Segment Start: DATA FOR THIS EXERCISE
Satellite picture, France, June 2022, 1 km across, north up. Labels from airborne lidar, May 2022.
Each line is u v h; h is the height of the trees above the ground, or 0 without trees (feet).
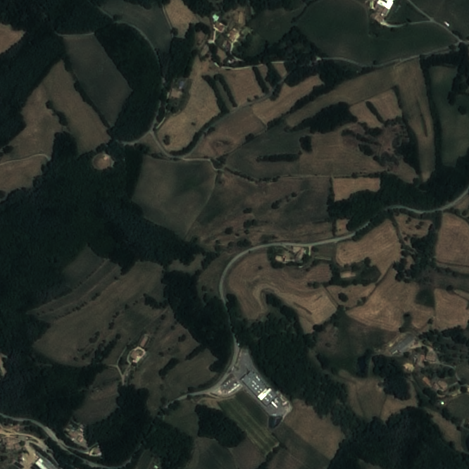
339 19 0
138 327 0
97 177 70
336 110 46
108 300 0
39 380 67
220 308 46
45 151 0
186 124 0
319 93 26
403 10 0
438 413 0
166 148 0
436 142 28
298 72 57
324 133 47
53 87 0
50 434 0
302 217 0
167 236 55
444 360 54
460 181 24
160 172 0
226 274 0
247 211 37
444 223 0
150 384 0
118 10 0
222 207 0
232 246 33
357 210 46
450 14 0
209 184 0
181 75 56
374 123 0
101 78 0
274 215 0
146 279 0
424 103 0
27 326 57
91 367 41
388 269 0
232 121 0
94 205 70
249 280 0
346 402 29
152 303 48
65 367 35
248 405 0
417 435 77
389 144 0
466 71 71
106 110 0
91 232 56
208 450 0
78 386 60
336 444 0
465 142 0
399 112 0
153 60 53
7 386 73
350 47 0
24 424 39
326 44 0
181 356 0
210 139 0
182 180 0
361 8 0
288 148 0
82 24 62
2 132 60
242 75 0
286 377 73
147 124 38
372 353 21
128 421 83
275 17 0
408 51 0
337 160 0
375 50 0
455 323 0
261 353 55
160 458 66
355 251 0
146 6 85
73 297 0
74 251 52
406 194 47
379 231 0
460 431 78
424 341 36
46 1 69
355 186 0
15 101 61
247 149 0
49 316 0
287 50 56
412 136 27
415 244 51
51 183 62
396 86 25
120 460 62
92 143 0
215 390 0
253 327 32
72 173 60
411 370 0
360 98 0
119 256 64
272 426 0
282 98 0
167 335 0
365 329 0
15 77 74
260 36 0
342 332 0
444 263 0
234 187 0
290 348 63
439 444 61
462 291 0
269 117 0
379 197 44
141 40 43
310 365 32
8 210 57
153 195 0
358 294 0
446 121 0
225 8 47
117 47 41
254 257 0
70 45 0
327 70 31
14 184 0
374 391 0
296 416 0
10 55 54
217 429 65
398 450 86
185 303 69
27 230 80
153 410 0
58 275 62
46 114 0
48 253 64
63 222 67
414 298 0
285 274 0
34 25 41
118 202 61
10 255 59
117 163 45
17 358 81
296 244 0
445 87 0
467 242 0
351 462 73
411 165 25
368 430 55
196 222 0
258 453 0
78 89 48
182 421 0
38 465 0
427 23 0
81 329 0
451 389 25
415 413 97
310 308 0
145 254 64
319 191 0
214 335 40
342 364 0
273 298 36
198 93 0
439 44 0
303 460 0
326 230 0
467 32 0
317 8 0
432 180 32
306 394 40
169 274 48
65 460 60
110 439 65
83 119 0
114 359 0
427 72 18
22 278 72
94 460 28
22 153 0
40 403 52
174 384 0
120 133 63
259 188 0
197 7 64
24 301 73
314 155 0
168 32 0
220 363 41
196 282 66
Segment End: DATA FOR THIS EXERCISE
REQUIREMENT: Write the entries out in full and exactly, omitting every picture.

TASK OUTPUT:
Satellite picture, France, June 2022, 1 km across, north up. Labels from airborne lidar, May 2022.
Each line is u v h; h is the height of the trees above the ground, or 0 without trees (feet).
339 19 0
138 327 0
97 177 70
336 110 46
108 300 0
39 380 67
220 308 46
45 151 0
186 124 0
319 93 26
403 10 0
438 413 0
166 148 0
436 142 28
298 72 57
324 133 47
53 87 0
50 434 0
302 217 0
167 236 55
444 360 54
460 181 24
160 172 0
226 274 0
247 211 37
444 223 0
150 384 0
118 10 0
222 207 0
232 246 33
357 210 46
450 14 0
209 184 0
181 75 56
374 123 0
101 78 0
274 215 0
146 279 0
424 103 0
27 326 57
91 367 41
388 269 0
232 121 0
94 205 70
249 280 0
346 402 29
152 303 48
65 367 35
248 405 0
417 435 77
389 144 0
466 71 71
106 110 0
91 232 56
208 450 0
78 386 60
336 444 0
465 142 0
399 112 0
153 60 53
7 386 73
350 47 0
24 424 39
326 44 0
181 356 0
210 139 0
182 180 0
361 8 0
288 148 0
82 24 62
2 132 60
242 75 0
286 377 73
147 124 38
372 353 21
128 421 83
275 17 0
408 51 0
337 160 0
375 50 0
455 323 0
261 353 55
160 458 66
355 251 0
146 6 85
73 297 0
74 251 52
406 194 47
379 231 0
460 431 78
424 341 36
46 1 69
355 186 0
15 101 61
247 149 0
49 316 0
287 50 56
412 136 27
415 244 51
51 183 62
396 86 25
120 460 62
92 143 0
215 390 0
253 327 32
72 173 60
411 370 0
360 98 0
119 256 64
272 426 0
282 98 0
167 335 0
365 329 0
15 77 74
260 36 0
342 332 0
444 263 0
234 187 0
290 348 63
439 444 61
462 291 0
269 117 0
379 197 44
141 40 43
310 365 32
8 210 57
153 195 0
358 294 0
446 121 0
225 8 47
117 47 41
254 257 0
70 45 0
327 70 31
14 184 0
374 391 0
296 416 0
10 55 54
217 429 65
398 450 86
185 303 69
27 230 80
153 410 0
58 275 62
46 114 0
48 253 64
63 222 67
414 298 0
285 274 0
34 25 41
118 202 61
10 255 59
117 163 45
17 358 81
296 244 0
445 87 0
467 242 0
351 462 73
411 165 25
368 430 55
196 222 0
258 453 0
78 89 48
182 421 0
38 465 0
427 23 0
81 329 0
451 389 25
415 413 97
310 308 0
145 254 64
319 191 0
214 335 40
342 364 0
273 298 36
198 93 0
439 44 0
303 460 0
326 230 0
467 32 0
317 8 0
432 180 32
306 394 40
169 274 48
65 460 60
110 439 65
83 119 0
114 359 0
427 72 18
22 278 72
94 460 28
22 153 0
40 403 52
174 384 0
120 133 63
259 188 0
197 7 64
24 301 73
314 155 0
168 32 0
220 363 41
196 282 66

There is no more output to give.